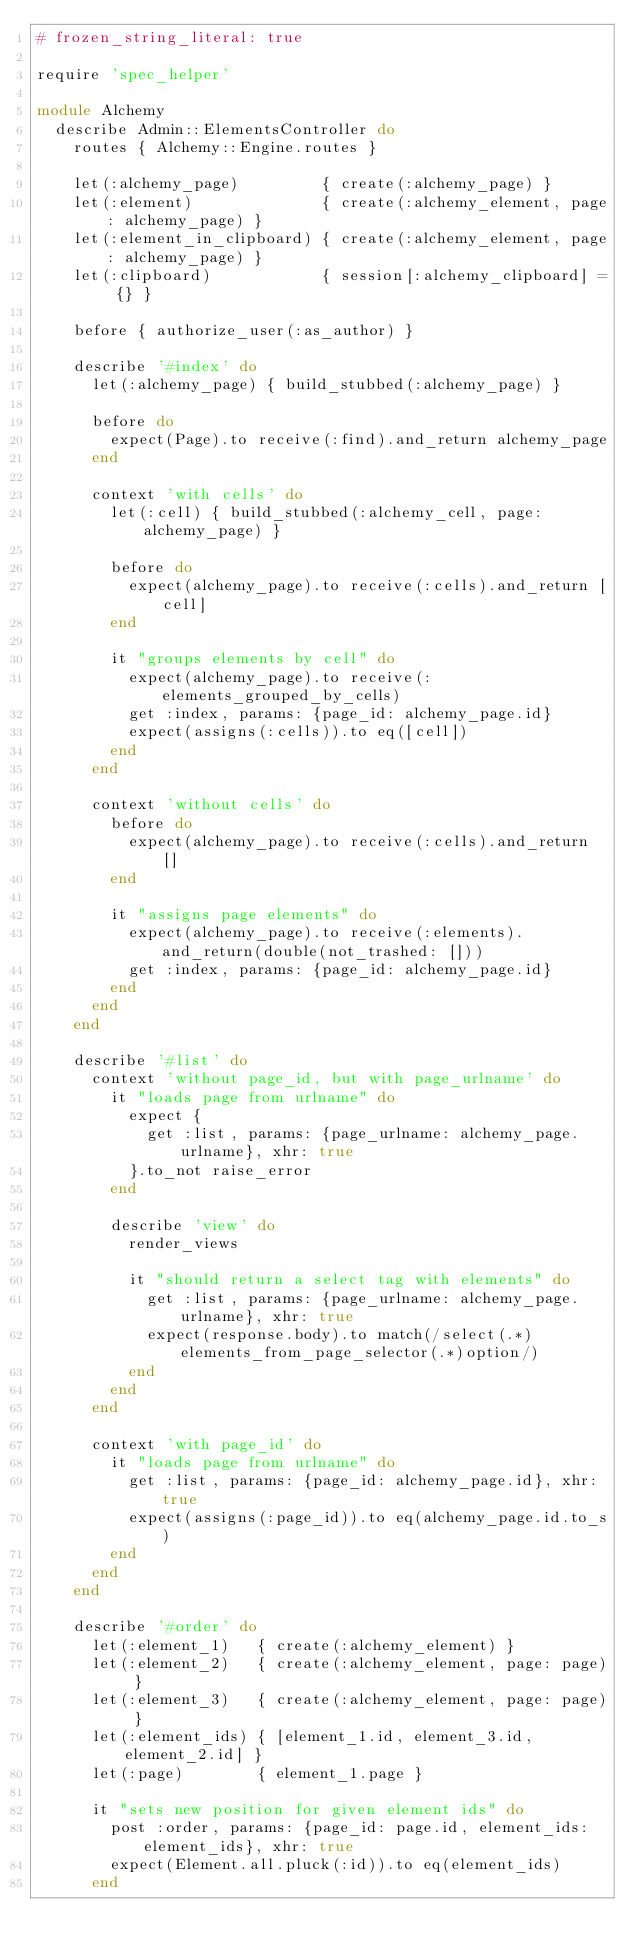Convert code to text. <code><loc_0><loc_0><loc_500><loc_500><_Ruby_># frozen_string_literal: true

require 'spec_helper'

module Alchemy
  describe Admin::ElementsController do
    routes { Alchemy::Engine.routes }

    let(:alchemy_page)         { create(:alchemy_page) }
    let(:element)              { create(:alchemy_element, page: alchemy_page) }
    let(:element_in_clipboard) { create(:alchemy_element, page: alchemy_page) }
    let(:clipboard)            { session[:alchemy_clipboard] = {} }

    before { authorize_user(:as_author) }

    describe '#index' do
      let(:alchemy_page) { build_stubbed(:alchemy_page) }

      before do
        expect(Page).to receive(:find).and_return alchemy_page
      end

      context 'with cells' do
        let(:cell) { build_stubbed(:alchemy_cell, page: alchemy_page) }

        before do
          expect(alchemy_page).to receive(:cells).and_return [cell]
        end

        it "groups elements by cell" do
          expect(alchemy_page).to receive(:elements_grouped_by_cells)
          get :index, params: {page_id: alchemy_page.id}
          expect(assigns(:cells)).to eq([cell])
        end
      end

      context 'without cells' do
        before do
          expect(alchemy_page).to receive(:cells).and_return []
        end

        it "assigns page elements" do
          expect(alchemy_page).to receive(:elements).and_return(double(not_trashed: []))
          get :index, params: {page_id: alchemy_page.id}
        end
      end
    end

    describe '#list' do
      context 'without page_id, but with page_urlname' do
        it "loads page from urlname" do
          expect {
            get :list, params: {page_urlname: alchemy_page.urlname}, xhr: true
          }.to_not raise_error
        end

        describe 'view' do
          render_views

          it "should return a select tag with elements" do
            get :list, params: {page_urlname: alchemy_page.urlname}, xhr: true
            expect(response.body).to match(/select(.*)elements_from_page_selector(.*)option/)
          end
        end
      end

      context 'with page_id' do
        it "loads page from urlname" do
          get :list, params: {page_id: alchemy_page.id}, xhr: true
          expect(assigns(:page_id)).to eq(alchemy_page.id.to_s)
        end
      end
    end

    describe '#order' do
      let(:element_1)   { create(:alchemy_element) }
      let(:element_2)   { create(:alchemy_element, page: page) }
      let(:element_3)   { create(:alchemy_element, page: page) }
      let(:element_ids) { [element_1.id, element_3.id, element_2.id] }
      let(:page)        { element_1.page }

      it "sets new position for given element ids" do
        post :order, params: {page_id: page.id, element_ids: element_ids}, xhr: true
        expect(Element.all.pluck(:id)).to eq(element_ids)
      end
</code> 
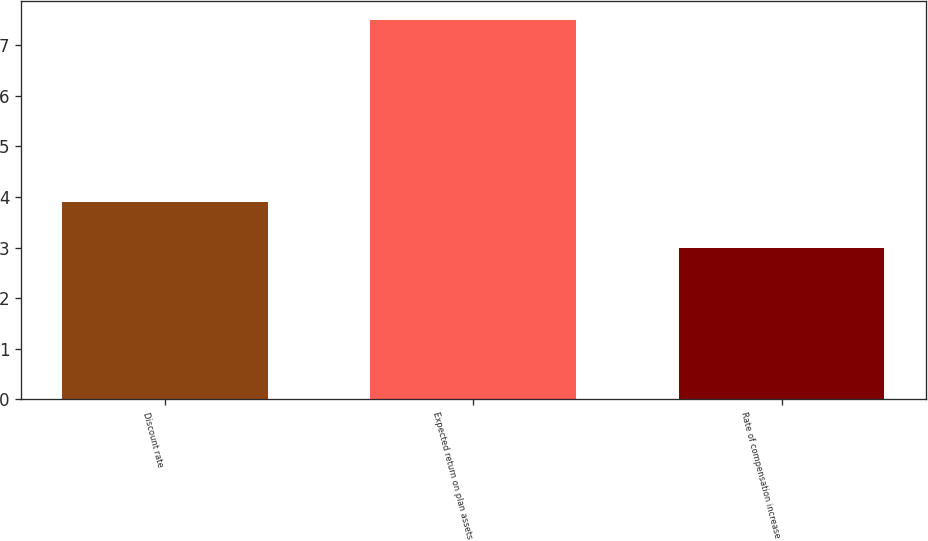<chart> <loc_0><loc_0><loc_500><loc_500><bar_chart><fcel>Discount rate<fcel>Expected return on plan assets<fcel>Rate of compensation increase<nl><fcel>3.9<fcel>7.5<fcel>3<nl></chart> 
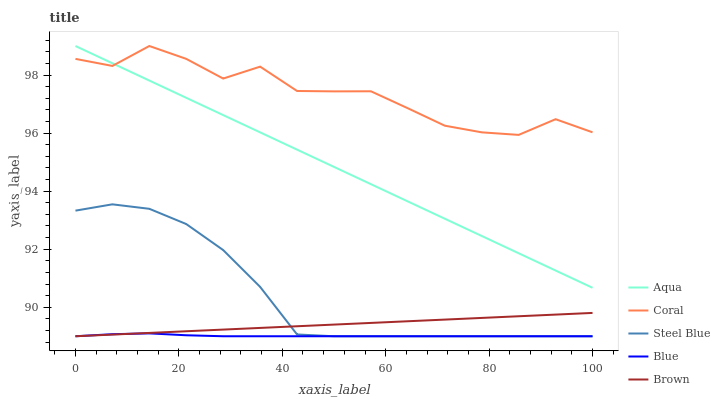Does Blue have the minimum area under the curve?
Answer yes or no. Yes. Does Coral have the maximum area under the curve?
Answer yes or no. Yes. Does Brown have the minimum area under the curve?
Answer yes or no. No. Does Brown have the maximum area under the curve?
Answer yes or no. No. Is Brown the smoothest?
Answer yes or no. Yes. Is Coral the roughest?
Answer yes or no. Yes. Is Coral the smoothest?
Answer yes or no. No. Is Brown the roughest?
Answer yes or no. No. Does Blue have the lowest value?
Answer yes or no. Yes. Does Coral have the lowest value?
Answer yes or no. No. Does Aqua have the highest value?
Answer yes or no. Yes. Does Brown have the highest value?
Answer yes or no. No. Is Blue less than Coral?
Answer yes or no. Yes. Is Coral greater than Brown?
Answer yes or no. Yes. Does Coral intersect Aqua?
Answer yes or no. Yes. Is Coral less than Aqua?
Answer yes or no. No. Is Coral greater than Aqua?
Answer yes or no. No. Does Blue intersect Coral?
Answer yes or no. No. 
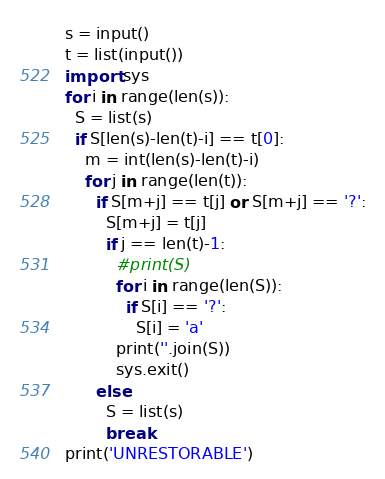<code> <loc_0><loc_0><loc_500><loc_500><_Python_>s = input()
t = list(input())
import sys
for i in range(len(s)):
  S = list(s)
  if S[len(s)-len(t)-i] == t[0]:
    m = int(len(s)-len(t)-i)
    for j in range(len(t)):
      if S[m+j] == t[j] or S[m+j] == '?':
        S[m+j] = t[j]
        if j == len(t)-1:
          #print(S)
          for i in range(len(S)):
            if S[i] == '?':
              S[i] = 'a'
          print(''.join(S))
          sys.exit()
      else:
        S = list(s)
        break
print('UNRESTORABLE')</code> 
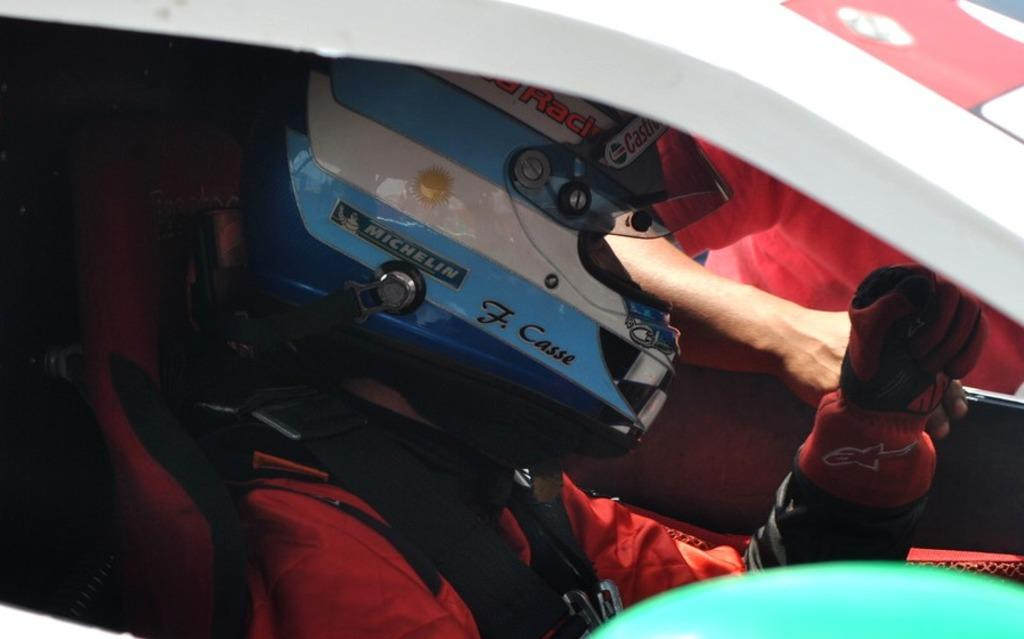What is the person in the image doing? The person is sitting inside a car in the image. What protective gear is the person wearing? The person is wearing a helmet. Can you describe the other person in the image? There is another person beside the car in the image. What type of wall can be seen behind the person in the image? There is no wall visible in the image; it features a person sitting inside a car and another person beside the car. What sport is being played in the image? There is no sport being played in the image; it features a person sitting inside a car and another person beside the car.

===============

» PROBLEM DESCRIPTION: Copy out the listing above in full and keep the pictures out.

» TASK RESULT:
Convert code to text. <code><loc_0><loc_0><loc_500><loc_500><_Ruby_># frozen_string_literal: true

require 'spec_helper'

module Alchemy
  describe Admin::ElementsController do
    routes { Alchemy::Engine.routes }

    let(:alchemy_page)         { create(:alchemy_page) }
    let(:element)              { create(:alchemy_element, page: alchemy_page) }
    let(:element_in_clipboard) { create(:alchemy_element, page: alchemy_page) }
    let(:clipboard)            { session[:alchemy_clipboard] = {} }

    before { authorize_user(:as_author) }

    describe '#index' do
      let(:alchemy_page) { build_stubbed(:alchemy_page) }

      before do
        expect(Page).to receive(:find).and_return alchemy_page
      end

      context 'with cells' do
        let(:cell) { build_stubbed(:alchemy_cell, page: alchemy_page) }

        before do
          expect(alchemy_page).to receive(:cells).and_return [cell]
        end

        it "groups elements by cell" do
          expect(alchemy_page).to receive(:elements_grouped_by_cells)
          get :index, params: {page_id: alchemy_page.id}
          expect(assigns(:cells)).to eq([cell])
        end
      end

      context 'without cells' do
        before do
          expect(alchemy_page).to receive(:cells).and_return []
        end

        it "assigns page elements" do
          expect(alchemy_page).to receive(:elements).and_return(double(not_trashed: []))
          get :index, params: {page_id: alchemy_page.id}
        end
      end
    end

    describe '#list' do
      context 'without page_id, but with page_urlname' do
        it "loads page from urlname" do
          expect {
            get :list, params: {page_urlname: alchemy_page.urlname}, xhr: true
          }.to_not raise_error
        end

        describe 'view' do
          render_views

          it "should return a select tag with elements" do
            get :list, params: {page_urlname: alchemy_page.urlname}, xhr: true
            expect(response.body).to match(/select(.*)elements_from_page_selector(.*)option/)
          end
        end
      end

      context 'with page_id' do
        it "loads page from urlname" do
          get :list, params: {page_id: alchemy_page.id}, xhr: true
          expect(assigns(:page_id)).to eq(alchemy_page.id.to_s)
        end
      end
    end

    describe '#order' do
      let(:element_1)   { create(:alchemy_element) }
      let(:element_2)   { create(:alchemy_element, page: page) }
      let(:element_3)   { create(:alchemy_element, page: page) }
      let(:element_ids) { [element_1.id, element_3.id, element_2.id] }
      let(:page)        { element_1.page }

      it "sets new position for given element ids" do
        post :order, params: {page_id: page.id, element_ids: element_ids}, xhr: true
        expect(Element.all.pluck(:id)).to eq(element_ids)
      end
</code> 
<chart> <loc_0><loc_0><loc_500><loc_500><bar_chart><fcel>Discount rate<fcel>Expected return on plan assets<fcel>Rate of compensation increase<nl><fcel>3.9<fcel>7.5<fcel>3<nl></chart> 
Does Blue have the minimum area under the curve?
Answer yes or no. Yes. Does Coral have the maximum area under the curve?
Answer yes or no. Yes. Does Brown have the minimum area under the curve?
Answer yes or no. No. Does Brown have the maximum area under the curve?
Answer yes or no. No. Is Brown the smoothest?
Answer yes or no. Yes. Is Coral the roughest?
Answer yes or no. Yes. Is Coral the smoothest?
Answer yes or no. No. Is Brown the roughest?
Answer yes or no. No. Does Blue have the lowest value?
Answer yes or no. Yes. Does Coral have the lowest value?
Answer yes or no. No. Does Aqua have the highest value?
Answer yes or no. Yes. Does Brown have the highest value?
Answer yes or no. No. Is Blue less than Coral?
Answer yes or no. Yes. Is Coral greater than Brown?
Answer yes or no. Yes. Does Coral intersect Aqua?
Answer yes or no. Yes. Is Coral less than Aqua?
Answer yes or no. No. Is Coral greater than Aqua?
Answer yes or no. No. Does Blue intersect Coral?
Answer yes or no. No. 
<code> <loc_0><loc_0><loc_500><loc_500><_Python_>s = input()
t = list(input())
import sys
for i in range(len(s)):
  S = list(s)
  if S[len(s)-len(t)-i] == t[0]:
    m = int(len(s)-len(t)-i)
    for j in range(len(t)):
      if S[m+j] == t[j] or S[m+j] == '?':
        S[m+j] = t[j]
        if j == len(t)-1:
          #print(S)
          for i in range(len(S)):
            if S[i] == '?':
              S[i] = 'a'
          print(''.join(S))
          sys.exit()
      else:
        S = list(s)
        break
print('UNRESTORABLE')</code> 
What is the person in the image doing? The person is sitting inside a car in the image. What protective gear is the person wearing? The person is wearing a helmet. Can you describe the other person in the image? There is another person beside the car in the image. What type of wall can be seen behind the person in the image? There is no wall visible in the image; it features a person sitting inside a car and another person beside the car. What sport is being played in the image? There is no sport being played in the image; it features a person sitting inside a car and another person beside the car.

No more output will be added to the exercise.